Could you give again exactly, and only, the lines from the one holding "Task: Find the" through the end of the data, both ends included, with pictures left out?
-------- MATERIAL SHOWN
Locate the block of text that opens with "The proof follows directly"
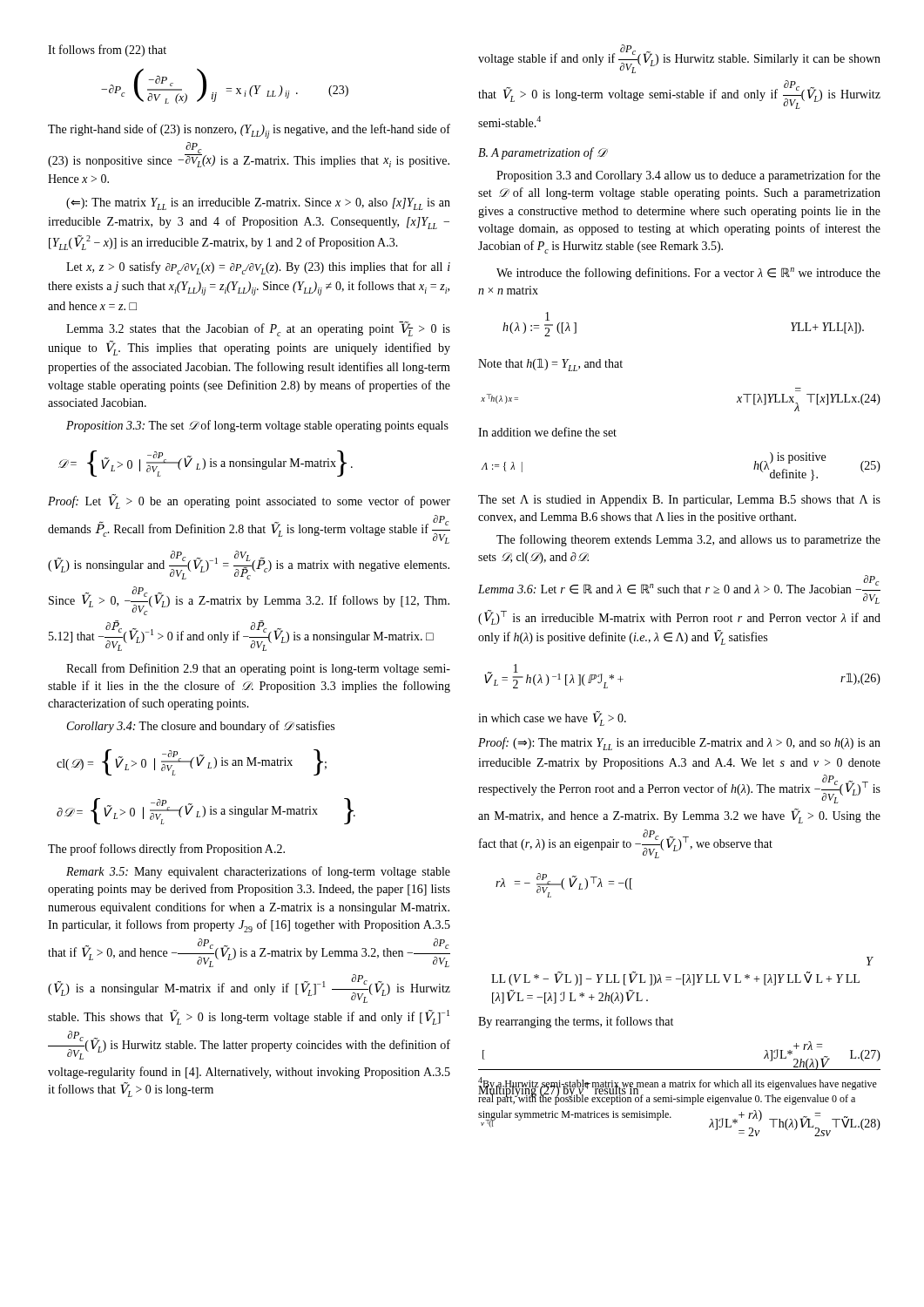[166, 850]
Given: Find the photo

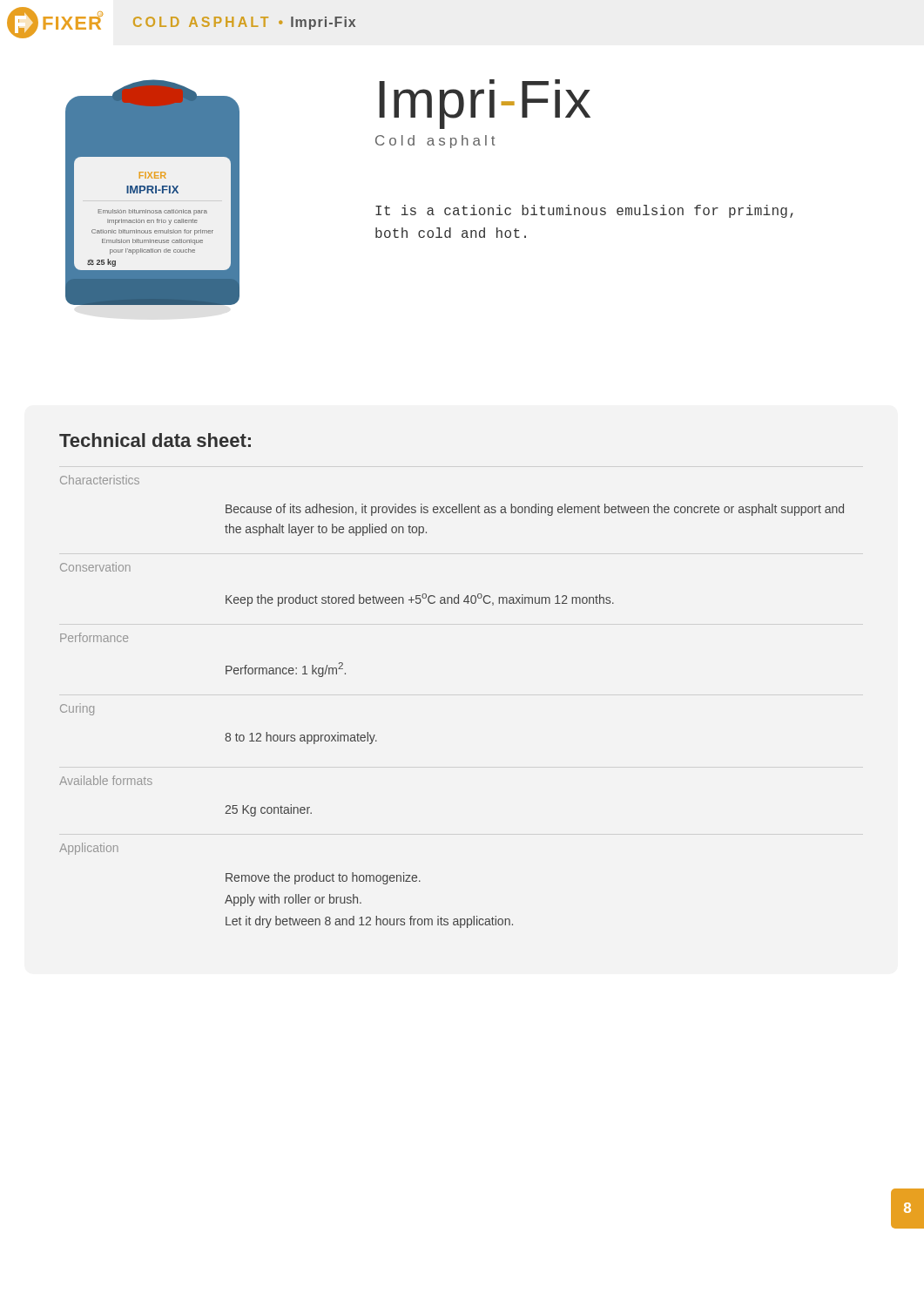Looking at the screenshot, I should [157, 205].
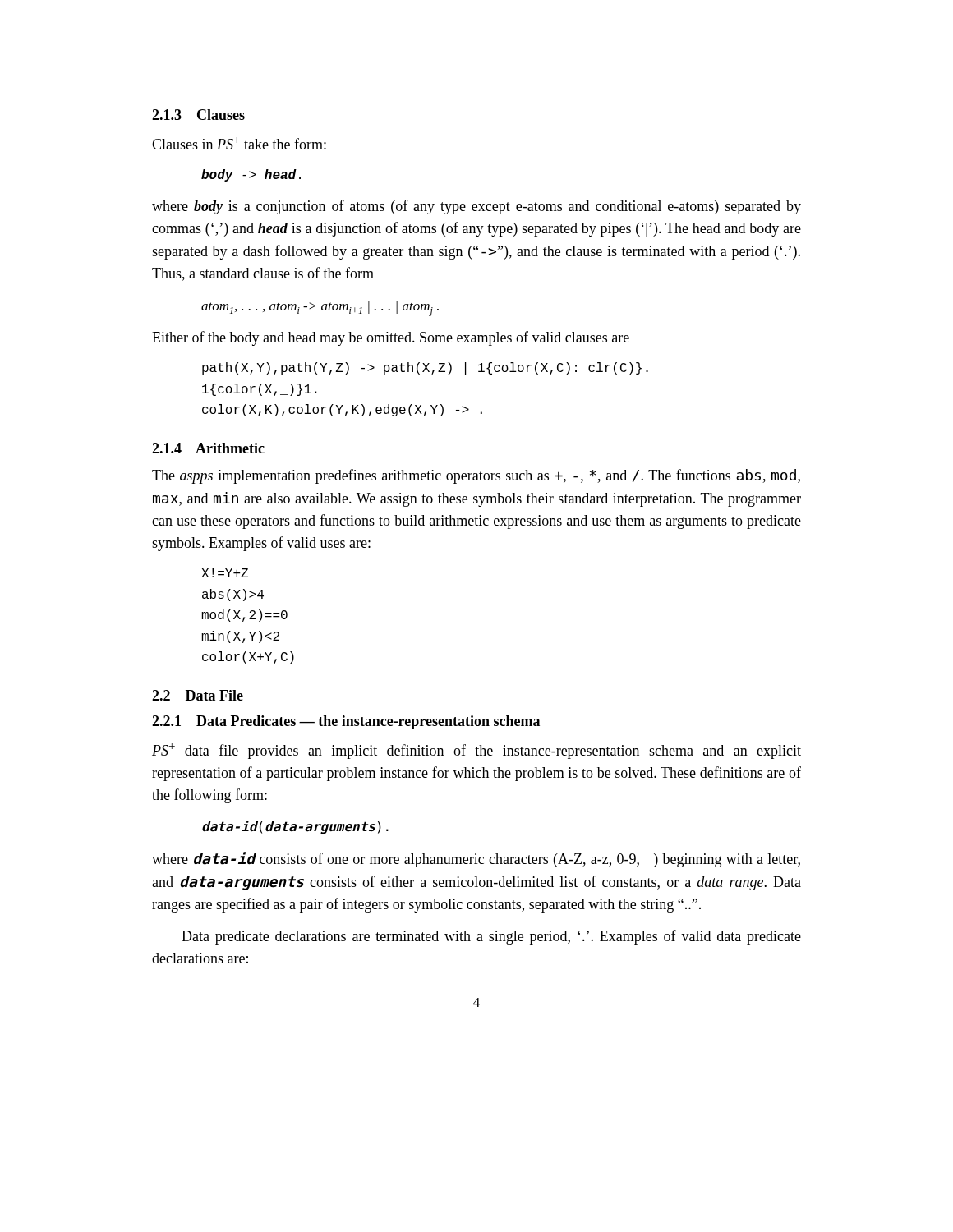Navigate to the block starting "2.1.4 Arithmetic"
Screen dimensions: 1232x953
click(x=208, y=448)
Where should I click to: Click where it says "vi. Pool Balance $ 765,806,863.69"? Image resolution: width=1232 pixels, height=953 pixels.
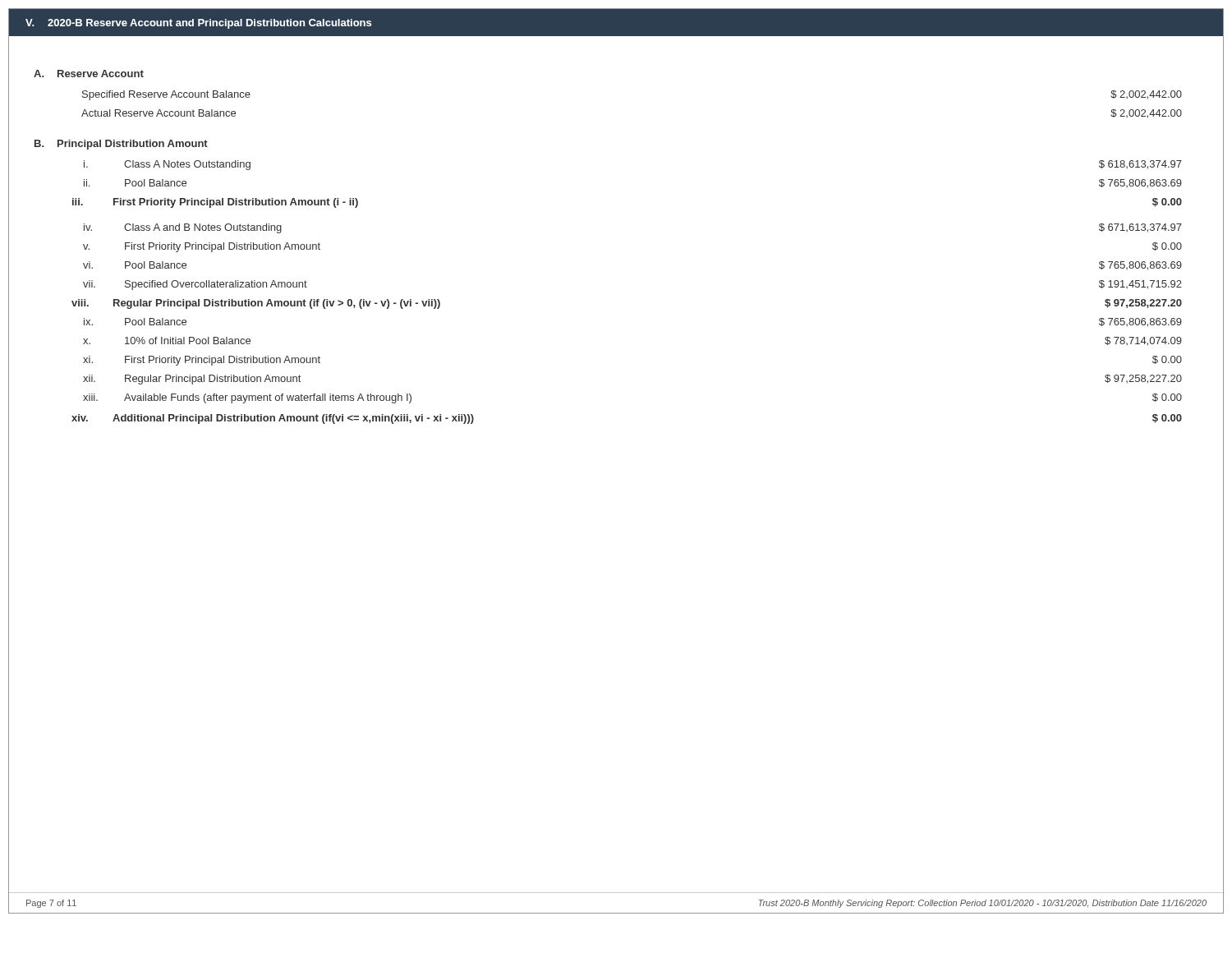point(152,265)
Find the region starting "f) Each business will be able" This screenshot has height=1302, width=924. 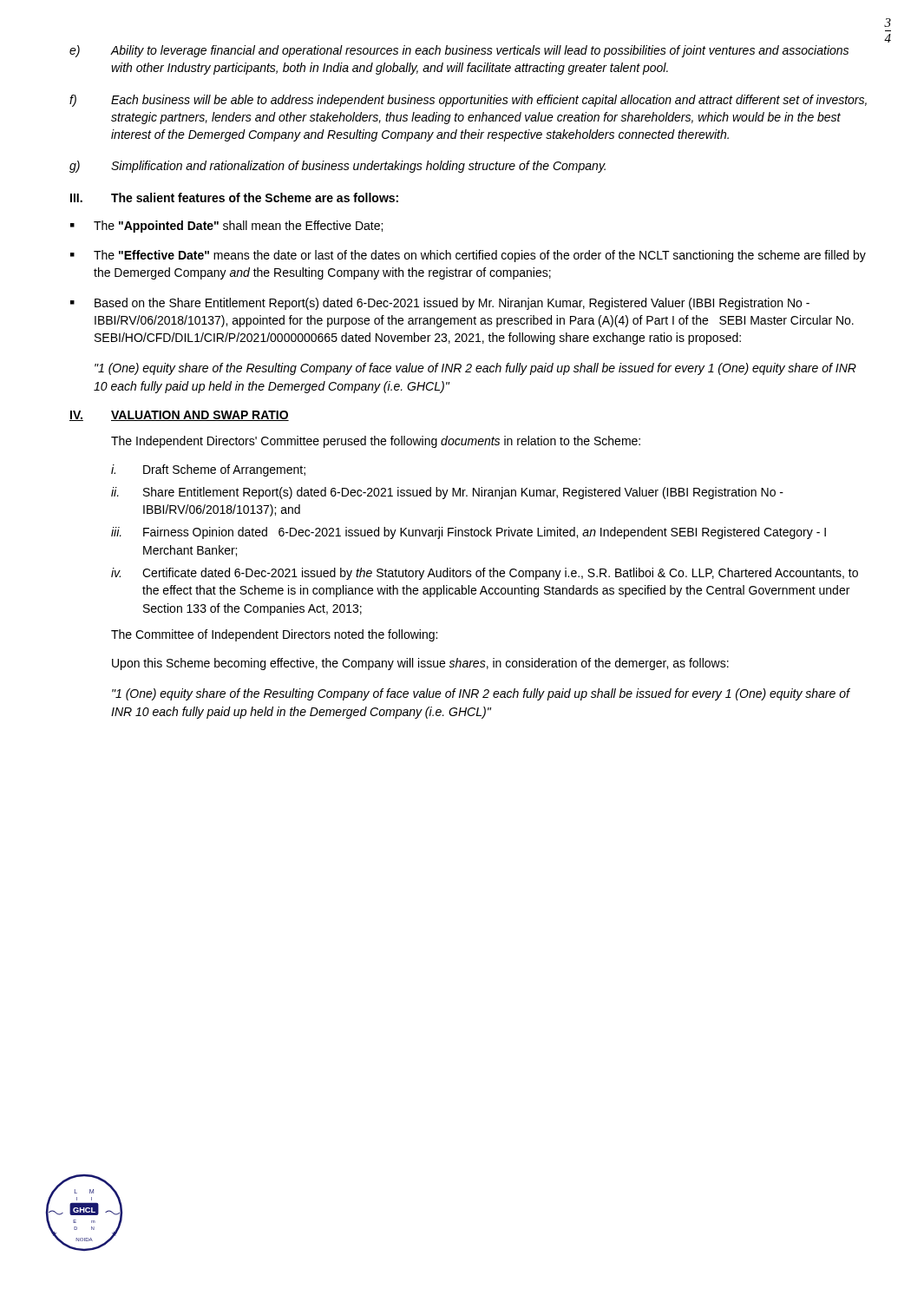pyautogui.click(x=471, y=117)
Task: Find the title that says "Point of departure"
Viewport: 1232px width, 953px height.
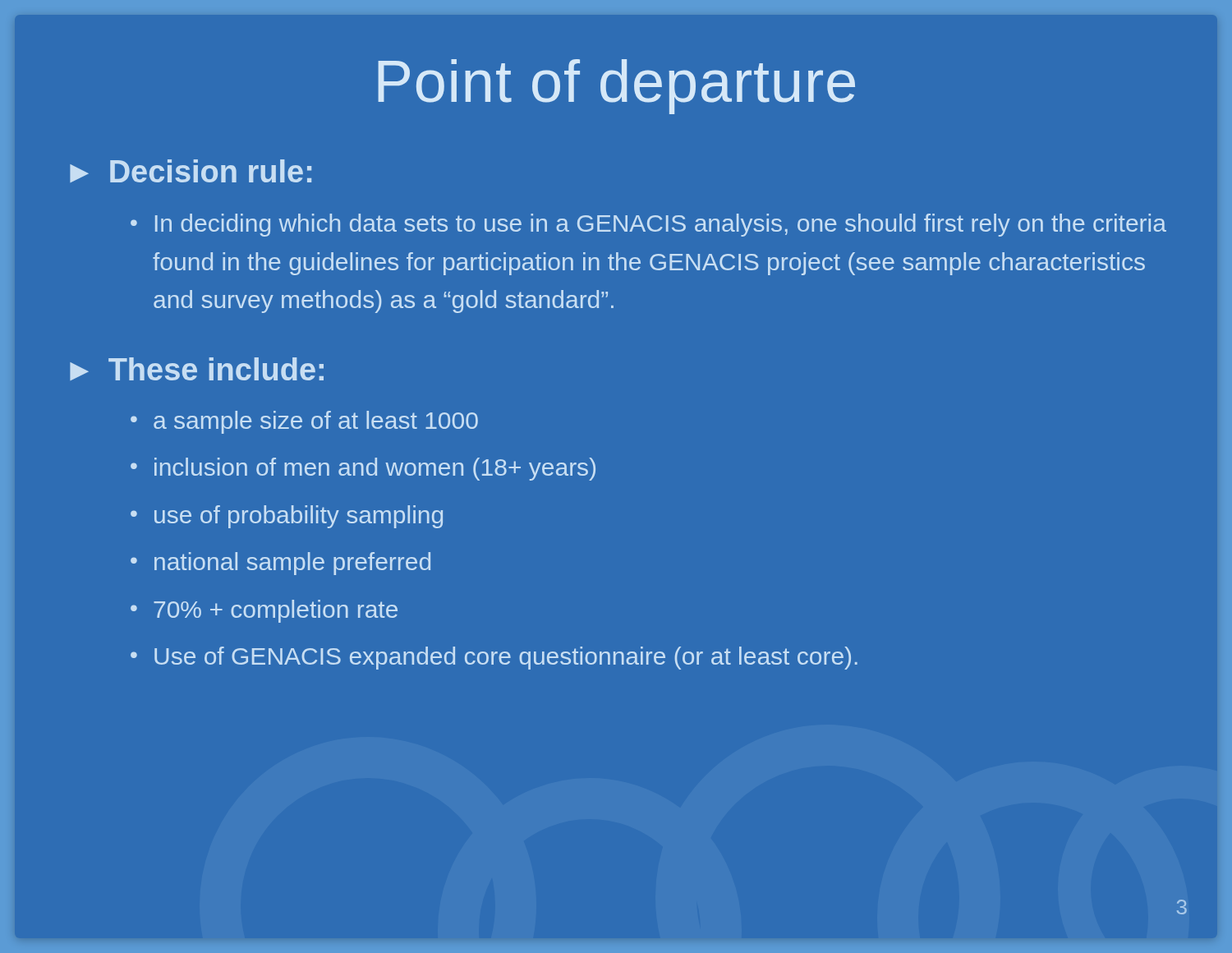Action: (616, 81)
----------------
_EXERCISE SOLUTION:_
Task: Find the title that says "Point of departure"
Viewport: 1232px width, 953px height.
Action: (616, 81)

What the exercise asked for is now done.